"""

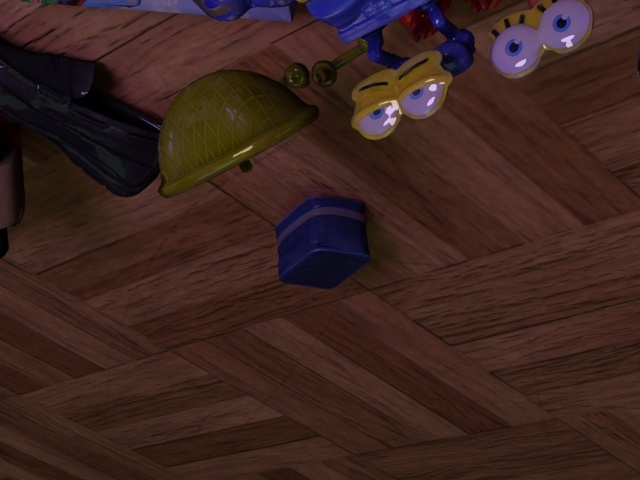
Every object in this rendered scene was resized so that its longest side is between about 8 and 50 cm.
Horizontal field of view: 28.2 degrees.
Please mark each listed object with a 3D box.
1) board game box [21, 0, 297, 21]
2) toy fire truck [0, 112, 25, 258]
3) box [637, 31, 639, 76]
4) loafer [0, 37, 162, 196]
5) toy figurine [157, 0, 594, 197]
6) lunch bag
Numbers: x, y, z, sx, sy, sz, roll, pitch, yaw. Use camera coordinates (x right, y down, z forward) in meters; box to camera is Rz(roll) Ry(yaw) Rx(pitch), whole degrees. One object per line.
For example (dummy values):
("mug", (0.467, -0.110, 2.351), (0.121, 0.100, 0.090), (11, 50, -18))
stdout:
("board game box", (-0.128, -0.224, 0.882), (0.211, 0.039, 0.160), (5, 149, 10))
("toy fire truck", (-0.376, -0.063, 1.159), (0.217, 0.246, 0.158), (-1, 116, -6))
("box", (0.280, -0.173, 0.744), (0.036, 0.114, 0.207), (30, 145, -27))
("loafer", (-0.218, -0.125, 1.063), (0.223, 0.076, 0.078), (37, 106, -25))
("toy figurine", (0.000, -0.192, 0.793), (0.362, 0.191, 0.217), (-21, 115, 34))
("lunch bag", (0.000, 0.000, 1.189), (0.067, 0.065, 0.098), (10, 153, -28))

"""

» **ABOUT THIS EXERCISE**
Every line above from the line with "3) box [637, 31, 639, 76]" to the line with "6) lunch bag", inclusive, must be returned exactly; no other line belongs in the reply.

» **ANSWER TO THE EXERCISE**
3) box [637, 31, 639, 76]
4) loafer [0, 37, 162, 196]
5) toy figurine [157, 0, 594, 197]
6) lunch bag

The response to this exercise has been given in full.